# Dataset content
• • • • •

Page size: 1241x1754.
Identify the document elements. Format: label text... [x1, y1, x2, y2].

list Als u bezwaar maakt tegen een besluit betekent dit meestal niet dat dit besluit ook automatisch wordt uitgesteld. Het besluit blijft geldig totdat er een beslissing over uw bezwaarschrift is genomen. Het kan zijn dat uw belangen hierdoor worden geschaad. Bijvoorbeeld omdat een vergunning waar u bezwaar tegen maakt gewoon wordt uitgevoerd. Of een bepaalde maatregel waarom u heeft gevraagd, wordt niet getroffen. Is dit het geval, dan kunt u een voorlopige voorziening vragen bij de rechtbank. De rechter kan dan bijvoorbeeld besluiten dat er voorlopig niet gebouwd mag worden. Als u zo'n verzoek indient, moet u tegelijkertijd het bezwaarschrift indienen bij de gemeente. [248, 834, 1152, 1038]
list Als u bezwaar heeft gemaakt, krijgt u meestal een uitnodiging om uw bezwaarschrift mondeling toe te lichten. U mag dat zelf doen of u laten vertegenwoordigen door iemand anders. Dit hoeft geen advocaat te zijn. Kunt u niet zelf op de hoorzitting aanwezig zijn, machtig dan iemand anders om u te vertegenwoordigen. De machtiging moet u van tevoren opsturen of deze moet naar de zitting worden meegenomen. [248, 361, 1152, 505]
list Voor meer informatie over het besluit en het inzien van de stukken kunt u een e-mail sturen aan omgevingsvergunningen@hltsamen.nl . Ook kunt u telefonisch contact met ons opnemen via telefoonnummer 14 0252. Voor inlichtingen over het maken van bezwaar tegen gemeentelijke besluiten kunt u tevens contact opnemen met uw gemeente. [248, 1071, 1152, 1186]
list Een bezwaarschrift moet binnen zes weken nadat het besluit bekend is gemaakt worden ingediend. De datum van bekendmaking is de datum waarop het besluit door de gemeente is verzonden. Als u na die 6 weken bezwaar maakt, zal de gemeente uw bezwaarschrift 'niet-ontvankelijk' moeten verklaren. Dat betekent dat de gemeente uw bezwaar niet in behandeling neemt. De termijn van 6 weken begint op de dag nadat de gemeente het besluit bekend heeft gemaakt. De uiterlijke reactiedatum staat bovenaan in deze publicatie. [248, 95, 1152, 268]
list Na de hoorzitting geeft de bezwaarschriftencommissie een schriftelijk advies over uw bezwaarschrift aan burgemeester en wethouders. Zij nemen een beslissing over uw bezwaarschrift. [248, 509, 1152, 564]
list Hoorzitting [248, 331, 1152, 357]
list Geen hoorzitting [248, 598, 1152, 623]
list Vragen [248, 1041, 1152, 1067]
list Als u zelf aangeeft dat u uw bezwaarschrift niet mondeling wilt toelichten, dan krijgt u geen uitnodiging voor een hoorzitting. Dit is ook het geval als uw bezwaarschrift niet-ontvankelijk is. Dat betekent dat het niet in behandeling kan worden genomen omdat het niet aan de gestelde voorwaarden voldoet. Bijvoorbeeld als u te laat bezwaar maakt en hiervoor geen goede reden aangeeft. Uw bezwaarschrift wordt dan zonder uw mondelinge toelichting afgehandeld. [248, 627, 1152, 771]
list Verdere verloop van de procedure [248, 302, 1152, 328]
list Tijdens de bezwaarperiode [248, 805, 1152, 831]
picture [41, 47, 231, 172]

• • • • •

# Work to complete
Restate each entry word for word.

# Exercise response
Page size: 1241x1754.
Identify the document elements. Format: label text... [x1, y1, x2, y2].

list Als u bezwaar maakt tegen een besluit betekent dit meestal niet dat dit besluit ook automatisch wordt uitgesteld. Het besluit blijft geldig totdat er een beslissing over uw bezwaarschrift is genomen. Het kan zijn dat uw belangen hierdoor worden geschaad. Bijvoorbeeld omdat een vergunning waar u bezwaar tegen maakt gewoon wordt uitgevoerd. Of een bepaalde maatregel waarom u heeft gevraagd, wordt niet getroffen. Is dit het geval, dan kunt u een voorlopige voorziening vragen bij de rechtbank. De rechter kan dan bijvoorbeeld besluiten dat er voorlopig niet gebouwd mag worden. Als u zo'n verzoek indient, moet u tegelijkertijd het bezwaarschrift indienen bij de gemeente. [248, 834, 1152, 1038]
list Als u bezwaar heeft gemaakt, krijgt u meestal een uitnodiging om uw bezwaarschrift mondeling toe te lichten. U mag dat zelf doen of u laten vertegenwoordigen door iemand anders. Dit hoeft geen advocaat te zijn. Kunt u niet zelf op de hoorzitting aanwezig zijn, machtig dan iemand anders om u te vertegenwoordigen. De machtiging moet u van tevoren opsturen of deze moet naar de zitting worden meegenomen. [248, 361, 1152, 505]
list Voor meer informatie over het besluit en het inzien van de stukken kunt u een e-mail sturen aan omgevingsvergunningen@hltsamen.nl . Ook kunt u telefonisch contact met ons opnemen via telefoonnummer 14 0252. Voor inlichtingen over het maken van bezwaar tegen gemeentelijke besluiten kunt u tevens contact opnemen met uw gemeente. [248, 1071, 1152, 1186]
list Een bezwaarschrift moet binnen zes weken nadat het besluit bekend is gemaakt worden ingediend. De datum van bekendmaking is de datum waarop het besluit door de gemeente is verzonden. Als u na die 6 weken bezwaar maakt, zal de gemeente uw bezwaarschrift 'niet-ontvankelijk' moeten verklaren. Dat betekent dat de gemeente uw bezwaar niet in behandeling neemt. De termijn van 6 weken begint op de dag nadat de gemeente het besluit bekend heeft gemaakt. De uiterlijke reactiedatum staat bovenaan in deze publicatie. [248, 95, 1152, 268]
list Na de hoorzitting geeft de bezwaarschriftencommissie een schriftelijk advies over uw bezwaarschrift aan burgemeester en wethouders. Zij nemen een beslissing over uw bezwaarschrift. [248, 509, 1152, 564]
list Hoorzitting [248, 331, 1152, 357]
list Geen hoorzitting [248, 598, 1152, 623]
list Vragen [248, 1041, 1152, 1067]
list Als u zelf aangeeft dat u uw bezwaarschrift niet mondeling wilt toelichten, dan krijgt u geen uitnodiging voor een hoorzitting. Dit is ook het geval als uw bezwaarschrift niet-ontvankelijk is. Dat betekent dat het niet in behandeling kan worden genomen omdat het niet aan de gestelde voorwaarden voldoet. Bijvoorbeeld als u te laat bezwaar maakt en hiervoor geen goede reden aangeeft. Uw bezwaarschrift wordt dan zonder uw mondelinge toelichting afgehandeld. [248, 627, 1152, 771]
list Verdere verloop van de procedure [248, 302, 1152, 328]
list Tijdens de bezwaarperiode [248, 805, 1152, 831]
picture [41, 47, 231, 172]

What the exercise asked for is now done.